Erick Gaussens, PhD, chief scientific officer at ProductLife Group, suggested that an effective approach to keeping all of the fuller data sources and supporting documents aligned can be to layer the RIM system on top of the ERP system, maintaining control of the metadata.
Whatever the broader opportunities, it is typically the intensifying regulatory demands that continue to drive improvements and free up the necessary budget. Companies are aware that initiatives such as IDMP and the Falsified Medicines Directive mean data must become more integrated, so functions have become more willing to spend time and resources on building bridges and establishing interfaces.
But it’s those organizations that have also identified the wider business benefits of more streamlined data management that have seen the greatest scope to modernize and innovate. At LEO Pharma, the team has used IDMP to highlight the broader potential for greater efficiencies and closer connection between functions. The team hopes that IDMP implementation timelines will be brought back on track by regulators soon, when a higher sense of urgency will help drive through the benefits.

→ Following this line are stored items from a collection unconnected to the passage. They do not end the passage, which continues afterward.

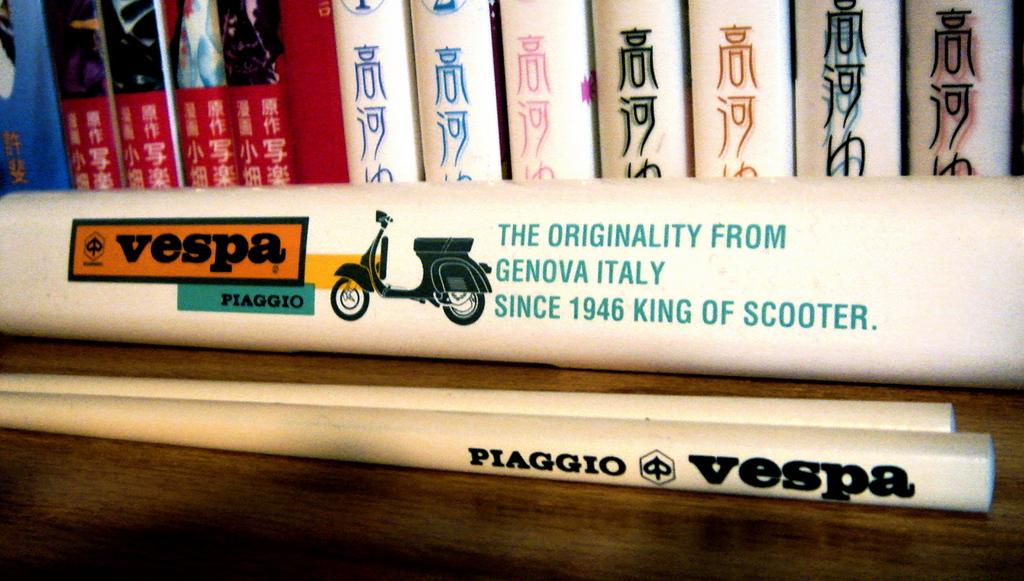Provide a one-sentence caption for the provided image. books lined up near a Vespa Piaggio sign. 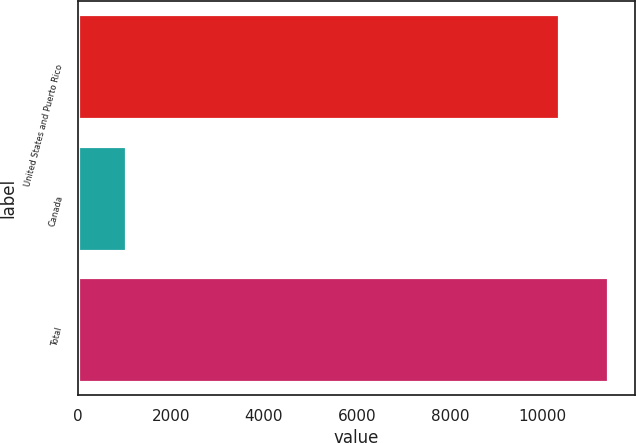<chart> <loc_0><loc_0><loc_500><loc_500><bar_chart><fcel>United States and Puerto Rico<fcel>Canada<fcel>Total<nl><fcel>10355<fcel>1047<fcel>11402<nl></chart> 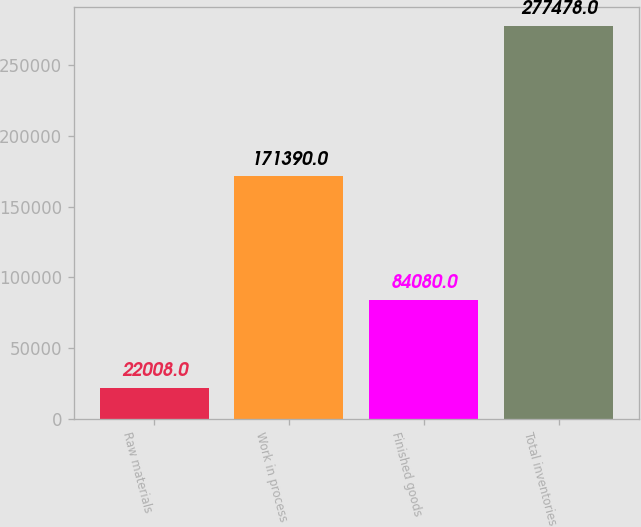Convert chart. <chart><loc_0><loc_0><loc_500><loc_500><bar_chart><fcel>Raw materials<fcel>Work in process<fcel>Finished goods<fcel>Total inventories<nl><fcel>22008<fcel>171390<fcel>84080<fcel>277478<nl></chart> 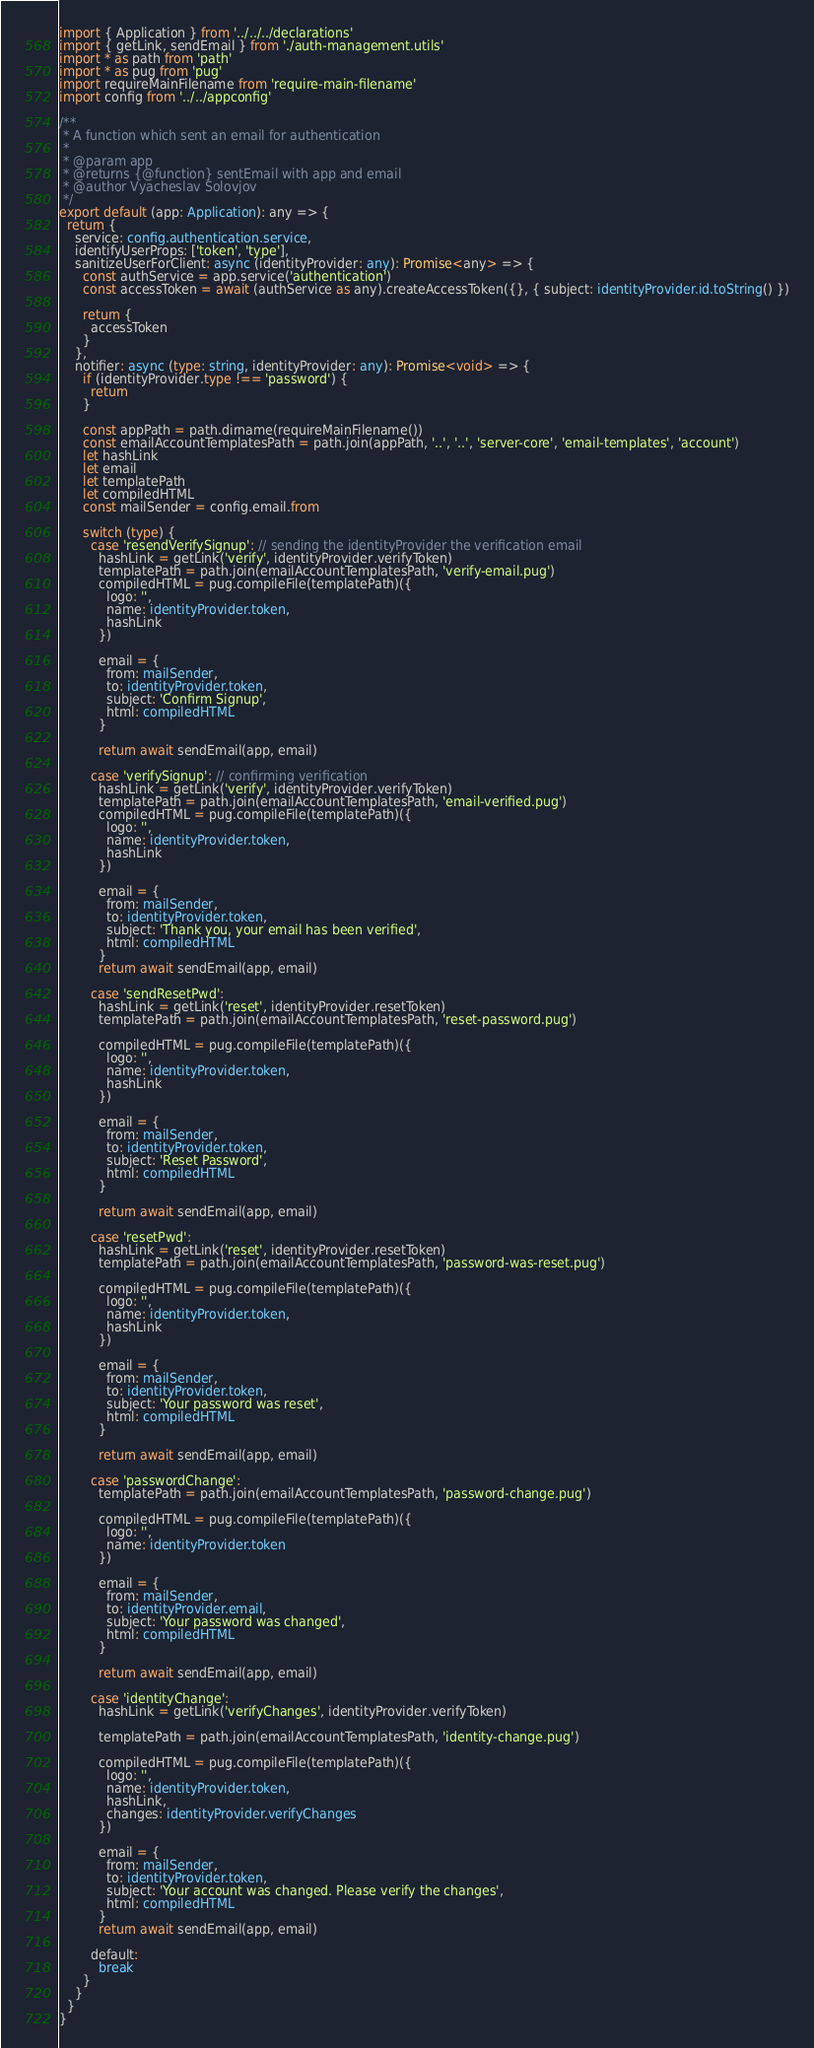<code> <loc_0><loc_0><loc_500><loc_500><_TypeScript_>import { Application } from '../../../declarations'
import { getLink, sendEmail } from './auth-management.utils'
import * as path from 'path'
import * as pug from 'pug'
import requireMainFilename from 'require-main-filename'
import config from '../../appconfig'

/**
 * A function which sent an email for authentication
 *
 * @param app
 * @returns {@function} sentEmail with app and email
 * @author Vyacheslav Solovjov
 */
export default (app: Application): any => {
  return {
    service: config.authentication.service,
    identifyUserProps: ['token', 'type'],
    sanitizeUserForClient: async (identityProvider: any): Promise<any> => {
      const authService = app.service('authentication')
      const accessToken = await (authService as any).createAccessToken({}, { subject: identityProvider.id.toString() })

      return {
        accessToken
      }
    },
    notifier: async (type: string, identityProvider: any): Promise<void> => {
      if (identityProvider.type !== 'password') {
        return
      }

      const appPath = path.dirname(requireMainFilename())
      const emailAccountTemplatesPath = path.join(appPath, '..', '..', 'server-core', 'email-templates', 'account')
      let hashLink
      let email
      let templatePath
      let compiledHTML
      const mailSender = config.email.from

      switch (type) {
        case 'resendVerifySignup': // sending the identityProvider the verification email
          hashLink = getLink('verify', identityProvider.verifyToken)
          templatePath = path.join(emailAccountTemplatesPath, 'verify-email.pug')
          compiledHTML = pug.compileFile(templatePath)({
            logo: '',
            name: identityProvider.token,
            hashLink
          })

          email = {
            from: mailSender,
            to: identityProvider.token,
            subject: 'Confirm Signup',
            html: compiledHTML
          }

          return await sendEmail(app, email)

        case 'verifySignup': // confirming verification
          hashLink = getLink('verify', identityProvider.verifyToken)
          templatePath = path.join(emailAccountTemplatesPath, 'email-verified.pug')
          compiledHTML = pug.compileFile(templatePath)({
            logo: '',
            name: identityProvider.token,
            hashLink
          })

          email = {
            from: mailSender,
            to: identityProvider.token,
            subject: 'Thank you, your email has been verified',
            html: compiledHTML
          }
          return await sendEmail(app, email)

        case 'sendResetPwd':
          hashLink = getLink('reset', identityProvider.resetToken)
          templatePath = path.join(emailAccountTemplatesPath, 'reset-password.pug')

          compiledHTML = pug.compileFile(templatePath)({
            logo: '',
            name: identityProvider.token,
            hashLink
          })

          email = {
            from: mailSender,
            to: identityProvider.token,
            subject: 'Reset Password',
            html: compiledHTML
          }

          return await sendEmail(app, email)

        case 'resetPwd':
          hashLink = getLink('reset', identityProvider.resetToken)
          templatePath = path.join(emailAccountTemplatesPath, 'password-was-reset.pug')

          compiledHTML = pug.compileFile(templatePath)({
            logo: '',
            name: identityProvider.token,
            hashLink
          })

          email = {
            from: mailSender,
            to: identityProvider.token,
            subject: 'Your password was reset',
            html: compiledHTML
          }

          return await sendEmail(app, email)

        case 'passwordChange':
          templatePath = path.join(emailAccountTemplatesPath, 'password-change.pug')

          compiledHTML = pug.compileFile(templatePath)({
            logo: '',
            name: identityProvider.token
          })

          email = {
            from: mailSender,
            to: identityProvider.email,
            subject: 'Your password was changed',
            html: compiledHTML
          }

          return await sendEmail(app, email)

        case 'identityChange':
          hashLink = getLink('verifyChanges', identityProvider.verifyToken)

          templatePath = path.join(emailAccountTemplatesPath, 'identity-change.pug')

          compiledHTML = pug.compileFile(templatePath)({
            logo: '',
            name: identityProvider.token,
            hashLink,
            changes: identityProvider.verifyChanges
          })

          email = {
            from: mailSender,
            to: identityProvider.token,
            subject: 'Your account was changed. Please verify the changes',
            html: compiledHTML
          }
          return await sendEmail(app, email)

        default:
          break
      }
    }
  }
}
</code> 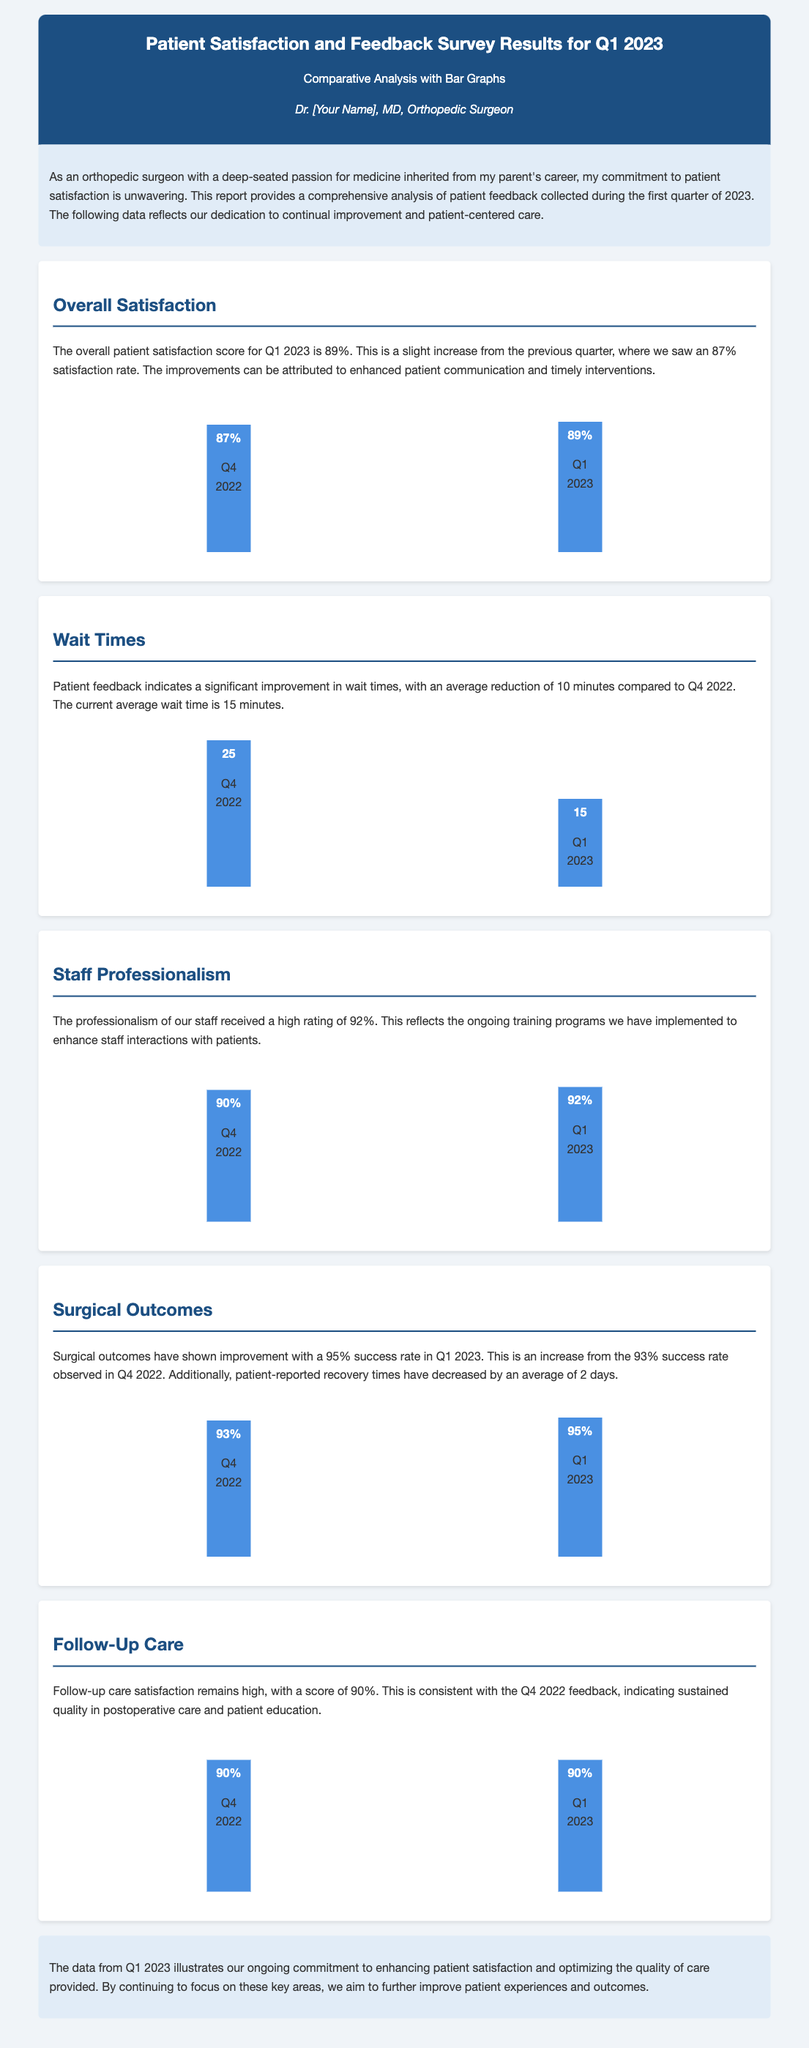What was the overall patient satisfaction score for Q1 2023? The overall patient satisfaction score for Q1 2023 is mentioned as 89%.
Answer: 89% What was the average wait time in Q1 2023? The document states that the average wait time in Q1 2023 is 15 minutes.
Answer: 15 minutes What percentage rating did staff professionalism receive? The rating for staff professionalism in Q1 2023 is listed as 92%.
Answer: 92% What was the success rate of surgical outcomes in Q4 2022? The success rate of surgical outcomes in Q4 2022 is given as 93%.
Answer: 93% How much did the average wait time decrease from Q4 2022 to Q1 2023? The document notes a reduction of 10 minutes in wait times from Q4 2022 to Q1 2023.
Answer: 10 minutes What is the follow-up care satisfaction score for Q1 2023? Follow-up care satisfaction for Q1 2023 is documented as 90%.
Answer: 90% What was the increase in the overall satisfaction score from Q4 2022 to Q1 2023? Overall satisfaction increased from 87% in Q4 2022 to 89% in Q1 2023, resulting in a 2% increase.
Answer: 2% What were the patient-reported recovery times’ average decrease in Q1 2023? The document indicates an average decrease in recovery times by 2 days in Q1 2023.
Answer: 2 days 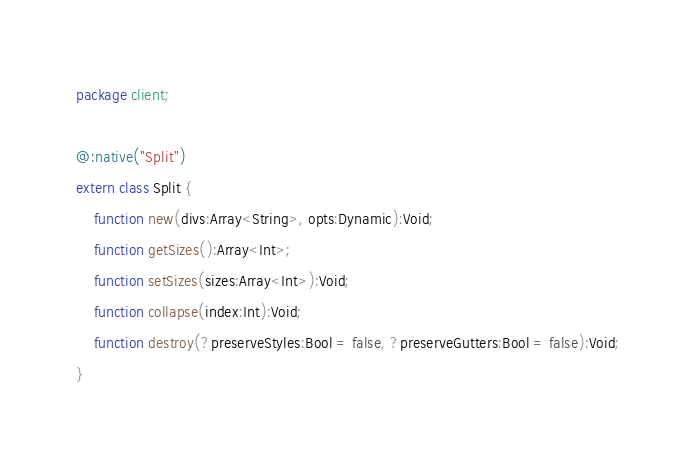Convert code to text. <code><loc_0><loc_0><loc_500><loc_500><_Haxe_>package client;

@:native("Split")
extern class Split {
	function new(divs:Array<String>, opts:Dynamic):Void;
	function getSizes():Array<Int>;
	function setSizes(sizes:Array<Int>):Void;
	function collapse(index:Int):Void;
	function destroy(?preserveStyles:Bool = false, ?preserveGutters:Bool = false):Void;
}
</code>

The panel agreed that, when a company treats data as a corporate asset and maintains it in the form of definitive master data, the whole organization benefits from an environment in which data can be trusted as being a high-quality record of the latest truth.
In the long run, this makes everyone’s life easier, makes processes slicker, and drives out cost and risk, while supporting greater market agility. And that’s a state organizations in every industry are now striving to achieve.